#### DATA EXTRACT ####

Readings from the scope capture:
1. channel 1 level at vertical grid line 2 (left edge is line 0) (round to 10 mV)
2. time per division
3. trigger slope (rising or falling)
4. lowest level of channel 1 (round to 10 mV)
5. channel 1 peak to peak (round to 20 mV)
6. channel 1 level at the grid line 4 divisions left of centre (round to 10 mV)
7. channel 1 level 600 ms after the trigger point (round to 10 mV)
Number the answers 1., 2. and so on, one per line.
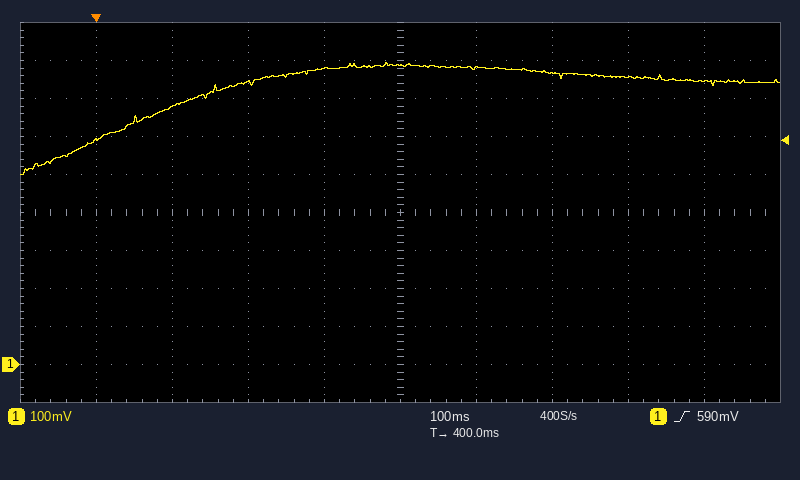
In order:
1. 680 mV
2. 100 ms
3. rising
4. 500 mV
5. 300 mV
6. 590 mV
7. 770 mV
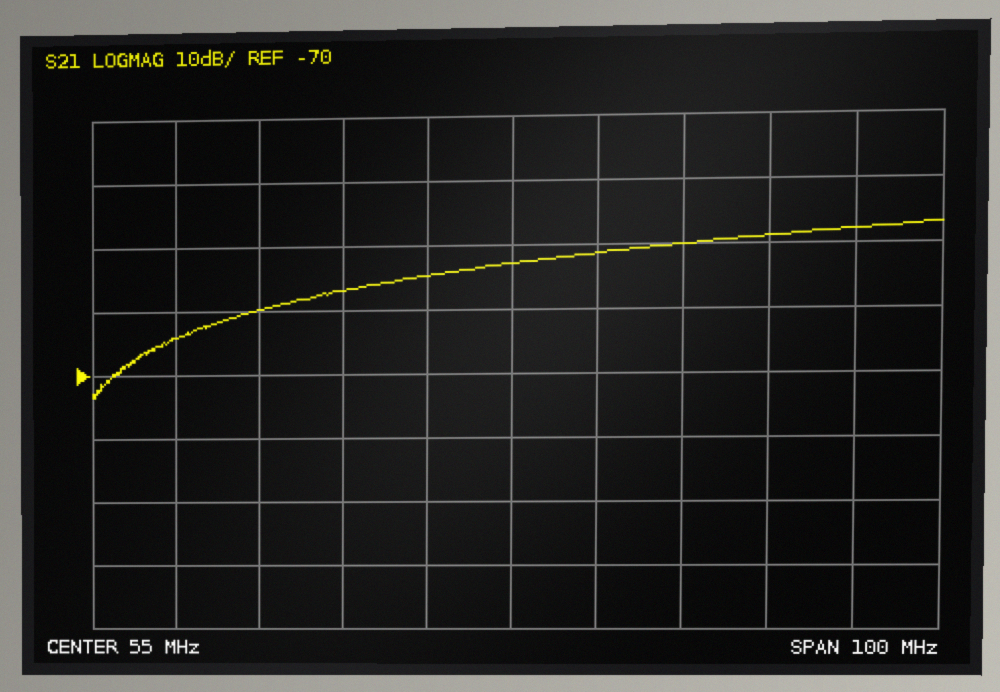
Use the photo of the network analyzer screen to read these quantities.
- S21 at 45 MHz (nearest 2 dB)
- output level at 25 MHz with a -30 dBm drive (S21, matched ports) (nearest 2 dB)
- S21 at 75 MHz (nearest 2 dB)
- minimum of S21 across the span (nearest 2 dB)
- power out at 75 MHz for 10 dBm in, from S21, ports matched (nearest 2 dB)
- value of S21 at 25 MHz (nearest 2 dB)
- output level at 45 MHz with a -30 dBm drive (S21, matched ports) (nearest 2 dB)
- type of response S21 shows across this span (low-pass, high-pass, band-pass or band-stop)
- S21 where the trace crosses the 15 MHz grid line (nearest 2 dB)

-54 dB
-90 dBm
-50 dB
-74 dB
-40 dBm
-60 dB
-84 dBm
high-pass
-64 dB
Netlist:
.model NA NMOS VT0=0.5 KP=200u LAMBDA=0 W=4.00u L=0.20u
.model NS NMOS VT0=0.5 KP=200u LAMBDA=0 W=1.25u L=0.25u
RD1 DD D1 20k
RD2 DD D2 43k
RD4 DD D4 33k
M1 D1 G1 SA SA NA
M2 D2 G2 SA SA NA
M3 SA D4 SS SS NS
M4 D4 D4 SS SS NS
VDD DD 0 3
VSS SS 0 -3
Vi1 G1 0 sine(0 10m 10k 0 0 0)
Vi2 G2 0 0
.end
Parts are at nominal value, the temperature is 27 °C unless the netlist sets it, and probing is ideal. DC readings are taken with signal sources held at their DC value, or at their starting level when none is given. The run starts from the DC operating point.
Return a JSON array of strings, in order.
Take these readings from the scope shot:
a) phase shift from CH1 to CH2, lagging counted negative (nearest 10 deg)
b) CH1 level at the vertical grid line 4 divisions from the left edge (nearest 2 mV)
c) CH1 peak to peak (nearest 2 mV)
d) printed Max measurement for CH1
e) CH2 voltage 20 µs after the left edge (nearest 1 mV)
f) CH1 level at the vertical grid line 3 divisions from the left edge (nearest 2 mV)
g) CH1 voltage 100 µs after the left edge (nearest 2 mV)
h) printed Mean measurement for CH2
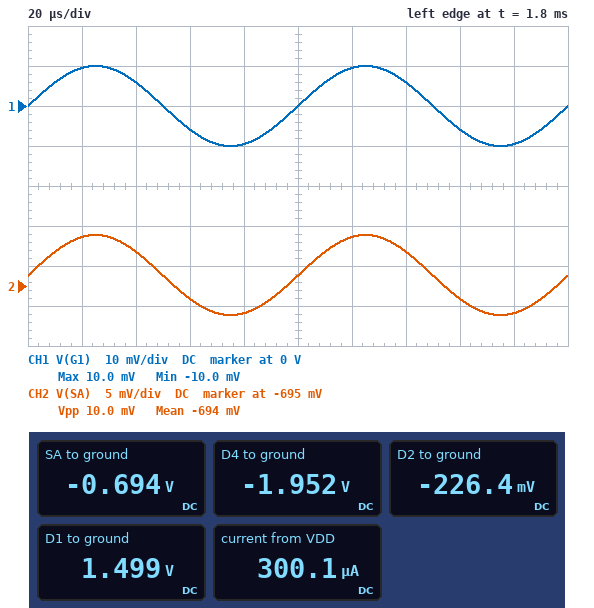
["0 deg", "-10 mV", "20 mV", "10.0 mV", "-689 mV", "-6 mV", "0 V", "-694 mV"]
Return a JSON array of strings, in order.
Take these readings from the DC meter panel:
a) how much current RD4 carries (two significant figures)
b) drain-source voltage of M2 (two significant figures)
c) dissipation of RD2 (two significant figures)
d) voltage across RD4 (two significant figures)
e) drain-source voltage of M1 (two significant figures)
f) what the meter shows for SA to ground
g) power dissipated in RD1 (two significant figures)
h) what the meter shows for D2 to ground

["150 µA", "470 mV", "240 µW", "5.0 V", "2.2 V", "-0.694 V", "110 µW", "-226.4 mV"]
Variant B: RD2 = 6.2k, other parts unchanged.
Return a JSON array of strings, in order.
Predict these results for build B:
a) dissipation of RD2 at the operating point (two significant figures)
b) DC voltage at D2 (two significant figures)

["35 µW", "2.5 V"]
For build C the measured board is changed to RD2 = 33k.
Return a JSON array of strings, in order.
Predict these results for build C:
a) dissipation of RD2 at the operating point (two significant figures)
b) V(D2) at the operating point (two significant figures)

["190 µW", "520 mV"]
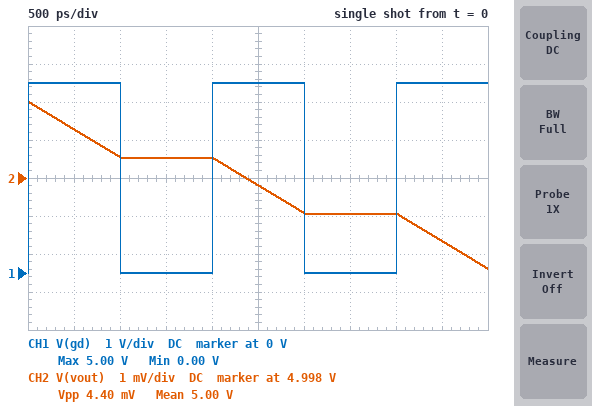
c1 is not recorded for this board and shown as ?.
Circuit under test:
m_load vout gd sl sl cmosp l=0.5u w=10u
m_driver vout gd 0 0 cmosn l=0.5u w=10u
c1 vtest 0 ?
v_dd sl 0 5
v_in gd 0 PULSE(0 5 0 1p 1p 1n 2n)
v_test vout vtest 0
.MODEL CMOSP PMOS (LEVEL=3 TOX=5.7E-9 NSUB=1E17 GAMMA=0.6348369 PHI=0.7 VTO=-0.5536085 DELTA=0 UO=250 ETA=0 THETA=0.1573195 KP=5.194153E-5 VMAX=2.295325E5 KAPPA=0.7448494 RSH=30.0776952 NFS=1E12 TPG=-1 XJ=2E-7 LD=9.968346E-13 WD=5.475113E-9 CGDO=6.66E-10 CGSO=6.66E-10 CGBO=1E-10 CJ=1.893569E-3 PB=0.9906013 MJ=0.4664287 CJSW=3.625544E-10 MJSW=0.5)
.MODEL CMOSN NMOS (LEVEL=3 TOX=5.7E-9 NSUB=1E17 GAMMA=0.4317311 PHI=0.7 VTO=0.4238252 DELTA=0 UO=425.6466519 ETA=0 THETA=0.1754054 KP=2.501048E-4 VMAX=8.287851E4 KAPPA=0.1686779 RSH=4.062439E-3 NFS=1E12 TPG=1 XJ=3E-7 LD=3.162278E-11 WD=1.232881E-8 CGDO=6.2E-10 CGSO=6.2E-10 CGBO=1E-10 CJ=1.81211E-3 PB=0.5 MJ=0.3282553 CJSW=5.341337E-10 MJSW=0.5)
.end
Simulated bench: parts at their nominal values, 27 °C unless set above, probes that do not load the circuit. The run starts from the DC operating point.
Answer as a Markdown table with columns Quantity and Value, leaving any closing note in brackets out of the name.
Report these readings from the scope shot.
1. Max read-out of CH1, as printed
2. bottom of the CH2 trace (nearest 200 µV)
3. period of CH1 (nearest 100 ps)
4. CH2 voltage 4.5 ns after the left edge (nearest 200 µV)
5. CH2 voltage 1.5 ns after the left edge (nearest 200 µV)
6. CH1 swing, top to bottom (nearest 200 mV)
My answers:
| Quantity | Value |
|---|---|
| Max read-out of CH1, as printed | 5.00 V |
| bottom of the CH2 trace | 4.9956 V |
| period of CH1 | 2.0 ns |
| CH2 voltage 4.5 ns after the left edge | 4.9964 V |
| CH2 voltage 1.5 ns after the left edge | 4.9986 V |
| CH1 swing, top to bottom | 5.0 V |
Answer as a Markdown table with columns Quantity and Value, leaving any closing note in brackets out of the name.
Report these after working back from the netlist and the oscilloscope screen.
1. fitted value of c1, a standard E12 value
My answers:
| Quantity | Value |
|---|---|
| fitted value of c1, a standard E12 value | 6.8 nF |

####

TRY IT :: Scan the records above, then copy out each line that mentions "ports".

SOLUTION FOR THIS EXERCISE ::
- output level at 25 MHz with a -30 dBm drive (S21, matched ports) (nearest 2 dB)
- power out at 75 MHz for 10 dBm in, from S21, ports matched (nearest 2 dB)
- output level at 45 MHz with a -30 dBm drive (S21, matched ports) (nearest 2 dB)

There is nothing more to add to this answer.